** Problem requirements **
Find "-11.197957), (48.26, 0))" and "42.023686), (-40.531515, 26.604988))" in the records below. Copy the lines holding them and every line between, exactly, and no others.

######

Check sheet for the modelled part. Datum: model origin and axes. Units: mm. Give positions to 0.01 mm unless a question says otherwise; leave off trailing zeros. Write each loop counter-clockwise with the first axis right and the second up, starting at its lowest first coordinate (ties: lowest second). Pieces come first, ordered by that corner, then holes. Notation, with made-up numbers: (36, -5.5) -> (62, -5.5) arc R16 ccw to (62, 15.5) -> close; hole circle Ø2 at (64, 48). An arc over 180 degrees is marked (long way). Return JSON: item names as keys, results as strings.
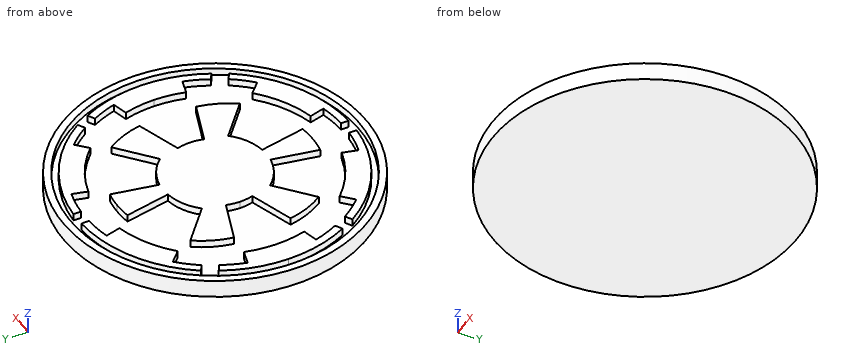
from build123d import *

# Parameters (mm, degrees)
F2_R     = 53.34
F3_DEPTH = 6.35
F0_R     = 50.8
F4_DEPTH = 2.54
F5_DEPTH = 2.54


with BuildPart() as f3:
    # F2 (on Top) → F3 (new body)
    with BuildSketch(Plane.XY):
        Circle(F2_R)
    extrude(amount=-F3_DEPTH)

    # F0 (on Top) → F4 (cut)
    with BuildSketch(Plane.XY):
        Circle(F0_R)
    extrude(amount=-F4_DEPTH, mode=Mode.SUBTRACT)

    # F1 (on Top) → F5 (join)
    with BuildSketch(Plane.XY):
        with BuildLine():
            ThreePointArc((-43.063388, 21.784679), (-46.942873, 11.197957), (-48.26, 0))
            ThreePointArc((-48.26, 0), (-46.942873, -11.197957), (-43.063388, -21.784679))
            Line((-43.063388, -21.784679), (-40.692139, -20.398091))
            ThreePointArc((-40.692139, -20.398091), (-42.512578, -16.297657), (-43.915142, -12.036159))
            Line((-43.915142, -12.036159), (-38.702908, -10.612585))
            ThreePointArc((-38.702908, -10.612585), (-39.772793, -5.354158), (-40.13156, 0))
            ThreePointArc((-40.13156, 0), (-39.772793, 5.354158), (-38.702908, 10.612585))
            Line((-38.702908, 10.612585), (-43.915142, 12.036159))
            ThreePointArc((-43.915142, 12.036159), (-42.512578, 16.297657), (-40.692139, 20.398091))
            Line((-40.692139, 20.398091), (-43.063388, 21.784679))
        make_face()
        with BuildLine():
            Line((-38.165818, -25.239456), (-40.531515, -26.604988))
            ThreePointArc((-40.531515, -26.604988), (-24.179309, -42.023686), (-2.631168, -48.411839))
            Line((-2.631168, -48.411839), (-2.631168, -45.742772))
            ThreePointArc((-2.631168, -45.742772), (-7.132062, -45.269114), (-11.555377, -44.311676))
            Line((-11.555377, -44.311676), (-10.181512, -39.106512))
            ThreePointArc((-10.181512, -39.106512), (-20.139594, -35.033973), (-28.670142, -28.478157))
            Line((-28.670142, -28.478157), (-32.500429, -32.26304))
            ThreePointArc((-32.500429, -32.26304), (-35.517393, -28.899884), (-38.165818, -25.239456))
        make_face()
        with BuildLine():
            Line((-2.71646, -18.05863), (-5.79492, -33.915079))
            ThreePointArc((-5.79492, -33.915079), (-2.907863, -34.283495), (0, -34.406594))
            ThreePointArc((0, -34.406594), (2.907863, -34.283495), (5.79492, -33.915079))
            Line((5.79492, -33.915079), (2.71646, -18.05863))
            ThreePointArc((2.71646, -18.05863), (8.779304, -16.013029), (13.764323, -12.001529))
            Line((13.764323, -12.001529), (25.921796, -22.591443))
            ThreePointArc((25.921796, -22.591443), (29.145002, -16.549346), (31.013678, -9.961172))
            Line((31.013678, -9.961172), (15.781759, -4.649021))
            ThreePointArc((15.781759, -4.649021), (16.283782, -2.348563), (16.452274, 0))
            ThreePointArc((16.452274, 0), (16.283782, 2.348563), (15.781759, 4.649021))
            Line((15.781759, 4.649021), (31.013678, 9.961172))
            ThreePointArc((31.013678, 9.961172), (29.145002, 16.549346), (25.921796, 22.591443))
            Line((25.921796, 22.591443), (13.764323, 12.001529))
            ThreePointArc((13.764323, 12.001529), (8.779304, 16.013029), (2.71646, 18.05863))
            Line((2.71646, 18.05863), (5.79492, 33.915079))
            ThreePointArc((5.79492, 33.915079), (2.907863, 34.283495), (0, 34.406594))
            ThreePointArc((0, 34.406594), (-2.907863, 34.283495), (-5.79492, 33.915079))
            Line((-5.79492, 33.915079), (-2.71646, 18.05863))
            ThreePointArc((-2.71646, 18.05863), (-8.779304, 16.013029), (-13.764323, 12.001529))
            Line((-13.764323, 12.001529), (-25.921796, 22.591443))
            ThreePointArc((-25.921796, 22.591443), (-29.145002, 16.549346), (-31.013678, 9.961172))
            Line((-31.013678, 9.961172), (-15.781759, 4.649021))
            ThreePointArc((-15.781759, 4.649021), (-16.283782, 2.348563), (-16.452274, 0))
            ThreePointArc((-16.452274, 0), (-16.283782, -2.348563), (-15.781759, -4.649021))
            Line((-15.781759, -4.649021), (-31.013678, -9.961172))
            ThreePointArc((-31.013678, -9.961172), (-29.145002, -16.549346), (-25.921796, -22.591443))
            Line((-25.921796, -22.591443), (-13.764323, -12.001529))
            ThreePointArc((-13.764323, -12.001529), (-8.779304, -16.013029), (-2.71646, -18.05863))
        make_face()
        with BuildLine():
            Line((2.631168, -45.742772), (2.631168, -48.411839))
            ThreePointArc((2.631168, -48.411839), (24.179309, -42.023686), (40.531515, -26.604988))
            Line((40.531515, -26.604988), (38.165818, -25.239456))
            ThreePointArc((38.165818, -25.239456), (35.517393, -28.899884), (32.500429, -32.26304))
            Line((32.500429, -32.26304), (28.670142, -28.478157))
            ThreePointArc((28.670142, -28.478157), (20.139594, -35.033973), (10.181512, -39.106512))
            Line((10.181512, -39.106512), (11.555377, -44.311676))
            ThreePointArc((11.555377, -44.311676), (7.132062, -45.269114), (2.631168, -45.742772))
        make_face()
        with BuildLine():
            ThreePointArc((40.13156, 0), (39.772793, -5.354158), (38.702908, -10.612585))
            Line((38.702908, -10.612585), (43.915142, -12.036159))
            ThreePointArc((43.915142, -12.036159), (42.512578, -16.297657), (40.692139, -20.398091))
            Line((40.692139, -20.398091), (43.063388, -21.784679))
            ThreePointArc((43.063388, -21.784679), (46.942873, -11.197957), (48.26, 0))
            ThreePointArc((48.26, 0), (46.942873, 11.197957), (43.063388, 21.784679))
            Line((43.063388, 21.784679), (40.692139, 20.398091))
            ThreePointArc((40.692139, 20.398091), (42.512578, 16.297657), (43.915142, 12.036159))
            Line((43.915142, 12.036159), (38.702908, 10.612585))
            ThreePointArc((38.702908, 10.612585), (39.772793, 5.354158), (40.13156, 0))
        make_face()
        with BuildLine():
            ThreePointArc((40.531515, 26.604988), (24.179309, 42.023686), (2.631168, 48.411839))
            Line((2.631168, 48.411839), (2.631168, 45.742772))
            ThreePointArc((2.631168, 45.742772), (7.132062, 45.269114), (11.555377, 44.311676))
            Line((11.555377, 44.311676), (10.181512, 39.106512))
            ThreePointArc((10.181512, 39.106512), (20.139594, 35.033973), (28.670142, 28.478157))
            Line((28.670142, 28.478157), (32.500429, 32.26304))
            ThreePointArc((32.500429, 32.26304), (35.517393, 28.899884), (38.165818, 25.239456))
            Line((38.165818, 25.239456), (40.531515, 26.604988))
        make_face()
        with BuildLine():
            ThreePointArc((-2.631168, 48.411839), (-24.179309, 42.023686), (-40.531515, 26.604988))
            Line((-40.531515, 26.604988), (-38.165818, 25.239456))
            ThreePointArc((-38.165818, 25.239456), (-35.517393, 28.899884), (-32.500429, 32.26304))
            Line((-32.500429, 32.26304), (-28.670142, 28.478157))
            ThreePointArc((-28.670142, 28.478157), (-20.139594, 35.033973), (-10.181512, 39.106512))
            Line((-10.181512, 39.106512), (-11.555377, 44.311676))
            ThreePointArc((-11.555377, 44.311676), (-7.132062, 45.269114), (-2.631168, 45.742772))
            Line((-2.631168, 45.742772), (-2.631168, 48.411839))
        make_face()
    extrude(amount=-F5_DEPTH)


solid = f3.part
(1) Thickness scan on L1, parallel to X at y = 22, z = -1; L2, parallel to Y at x = -41, z = -1; L3, parallel to Z at x = 39, y = -19. Record the ranges inside material, lowest first.
Reply:
{"L1": "-48.59 to -45.79, -26.31 to -25.24, -3.48 to 3.48, 25.24 to 26.31, 45.79 to 48.59", "L2": "-34.12 to -29.99, -20.58 to -19.78, -11.24 to 11.24, 19.78 to 20.58, 29.99 to 34.12", "L3": "-6.35 to -2.54"}
(2) Cross-section at D-D on y = 6. Enter the section's corners in (x, z), then the cut area to 3 significant figures.
Reply:
{"outline": "(-53, -6.35) -> (53, -6.35) -> (53, 0) -> (50.44, 0) -> (50.44, -2.54) -> (47.89, -2.54) -> (47.89, 0) -> (39.68, 0) -> (39.68, -2.54) -> (19.66, -2.54) -> (19.66, 0) -> (-19.66, 0) -> (-19.66, -2.54) -> (-39.68, -2.54) -> (-39.68, 0) -> (-47.89, 0) -> (-47.89, -2.54) -> (-50.44, -2.54) -> (-50.44, 0) -> (-53, 0) -> close", "area": "558 mm^2"}
(3) Cross-section at C-C on x = 19. Enter the section's corners in (y, z).
Reply:
{"outline": "(-49.84, -6.35) -> (49.84, -6.35) -> (49.84, 0) -> (47.11, 0) -> (47.11, -2.54) -> (44.61, -2.54) -> (44.61, 0) -> (35.66, 0) -> (35.66, -2.54) -> (16.56, -2.54) -> (16.56, 0) -> (5.77, 0) -> (5.77, -2.54) -> (-5.77, -2.54) -> (-5.77, 0) -> (-16.56, 0) -> (-16.56, -2.54) -> (-35.66, -2.54) -> (-35.66, 0) -> (-44.61, 0) -> (-44.61, -2.54) -> (-47.11, -2.54) -> (-47.11, 0) -> (-49.84, 0) -> close"}
(4) Cross-section at A-A on z = -1. State how many separate pieces and enclosed holes the cut face has, then the cut area to 3 significant figures.
Reply:
{"separate pieces": "8", "enclosed holes": "1", "area": "4,220 mm^2"}
(5) Depth check by flat-ended pin: pin 1 Ø0.8 at (y, z) = (-47.5, -1.5) entering from -X; pin 2 Ø0.8 at (y, z) = (47, -1) entering from -X; pin 3 Ø10 at (x, y) = (9.5, -23) entering from +Z. Enter the tip coordinate at first touch or a pass-through.
Reply:
{"pin 1": "x = -25.03", "pin 2": "x = -25.95", "pin 3": "z = -2.54"}
(6) Cross-section at B-B on y = -36. Enter the section's corners in (x, z), then the cut area to 3 significant figures.
Reply:
{"outline": "(-39.36, -6.35) -> (39.36, -6.35) -> (39.36, 0) -> (35.84, 0) -> (35.84, -2.54) -> (32.48, -2.54) -> (32.48, 0) -> (18.36, 0) -> (18.36, -2.54) -> (-18.36, -2.54) -> (-18.36, 0) -> (-32.48, 0) -> (-32.48, -2.54) -> (-35.84, -2.54) -> (-35.84, 0) -> (-39.36, 0) -> close", "area": "390 mm^2"}

######

** Output **
            ThreePointArc((43.063388, -21.784679), (46.942873, -11.197957), (48.26, 0))
            ThreePointArc((48.26, 0), (46.942873, 11.197957), (43.063388, 21.784679))
            Line((43.063388, 21.784679), (40.692139, 20.398091))
            ThreePointArc((40.692139, 20.398091), (42.512578, 16.297657), (43.915142, 12.036159))
            Line((43.915142, 12.036159), (38.702908, 10.612585))
            ThreePointArc((38.702908, 10.612585), (39.772793, 5.354158), (40.13156, 0))
        make_face()
        with BuildLine():
            ThreePointArc((40.531515, 26.604988), (24.179309, 42.023686), (2.631168, 48.411839))
            Line((2.631168, 48.411839), (2.631168, 45.742772))
            ThreePointArc((2.631168, 45.742772), (7.132062, 45.269114), (11.555377, 44.311676))
            Line((11.555377, 44.311676), (10.181512, 39.106512))
            ThreePointArc((10.181512, 39.106512), (20.139594, 35.033973), (28.670142, 28.478157))
            Line((28.670142, 28.478157), (32.500429, 32.26304))
            ThreePointArc((32.500429, 32.26304), (35.517393, 28.899884), (38.165818, 25.239456))
            Line((38.165818, 25.239456), (40.531515, 26.604988))
        make_face()
        with BuildLine():
            ThreePointArc((-2.631168, 48.411839), (-24.179309, 42.023686), (-40.531515, 26.604988))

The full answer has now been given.